I’ve called the U.S. Embassy many times. I was told with our insurance we should be covered to be medevaced to the U.S. for health care. The government here is saying that isn’t their policy. Realizing the seriousness of *This is a third world country* something I should have considered before coming. But I’m like *it’s a Sandals resort, it’s St. Lucia, it’s great*. We want to go home. We want to be back on our soil. We want U.S. doctors and U.S. medicine. We want real treatment. Our U.S. doctor FaceTimed us and said we need a long list of medications and he tried calling it to the island – even if that was successful we would have to find someone to get it to us – but no pharmacy would fill it saying they don’t have those medications here. We try to get it FedExed but that’s going to take 2 days shipping + 7 days in customs and then their decision if we can have it. Two nights ago I thought my chest was going to quit, I thought I would quit breathing in my sleep it was so difficult, the next night the pain in my back and joints was excruciating, finally today its bearable to be alive. Tony is not doing better yet and the doctor will not answer. The resort will not send me my details of insurance inclusion and the fine print in the email is minimal. Something you don’t think about when booking and excited for a vacation.
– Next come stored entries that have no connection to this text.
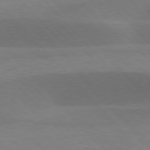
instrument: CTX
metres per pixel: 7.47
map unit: lApd
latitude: 77.1025
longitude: -58.9136
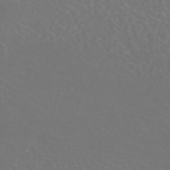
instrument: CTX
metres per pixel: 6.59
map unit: HNhu
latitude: -43.0297
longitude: 93.9745
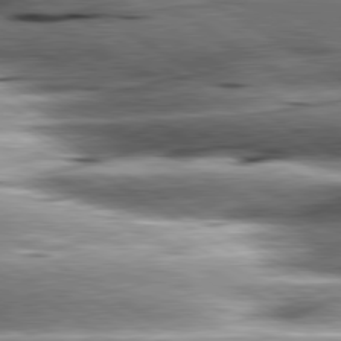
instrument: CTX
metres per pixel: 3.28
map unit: lApd
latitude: 80.4412
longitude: -141.9528
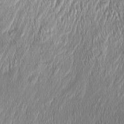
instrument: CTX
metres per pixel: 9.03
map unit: Htu
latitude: -4.7652
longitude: 158.8975
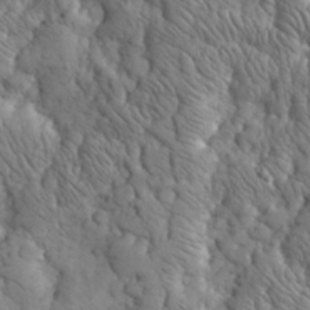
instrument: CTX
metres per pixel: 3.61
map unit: eHh
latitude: 32.2523
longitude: -68.2901
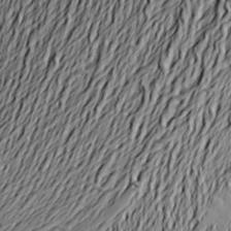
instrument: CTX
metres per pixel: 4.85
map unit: Aa
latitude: 21.0648
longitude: -150.0633
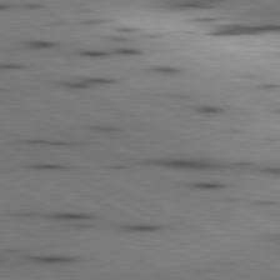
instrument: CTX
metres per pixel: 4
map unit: lApd
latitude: 80.6679
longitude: 157.1431
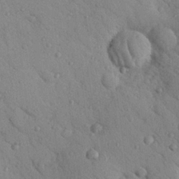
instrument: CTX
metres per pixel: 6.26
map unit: Nhu
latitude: 23.1592
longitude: -75.3860
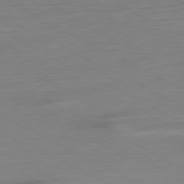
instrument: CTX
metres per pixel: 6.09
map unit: Ap
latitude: -80.7652
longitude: -77.5560
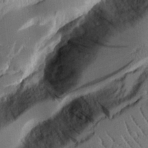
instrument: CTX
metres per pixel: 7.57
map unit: Aa
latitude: 12.6680
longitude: -126.3656
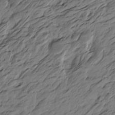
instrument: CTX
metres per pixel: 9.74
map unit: Htu
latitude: -6.0283
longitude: -179.0648
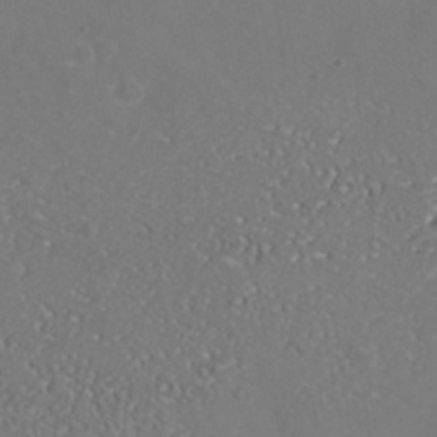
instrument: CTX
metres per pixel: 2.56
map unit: Nhe
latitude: -37.1431
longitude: -90.6490

Again, more at the link – much, much more. It’s a sobering account, particularly because Ms. Sarwar is a nurse, and is thus in a position to evaluate the (lack of) medical care they received from a more objective perspective.
I highly recommend reading both articles in full. If you may have to travel outside the USA for any reason, I’d plan on avoiding countries with that sort of medical “care”, whatever you do! I’d also plan on taking with me as much medication as I’m likely to need, and then some. If you don’t need it all, someone else might.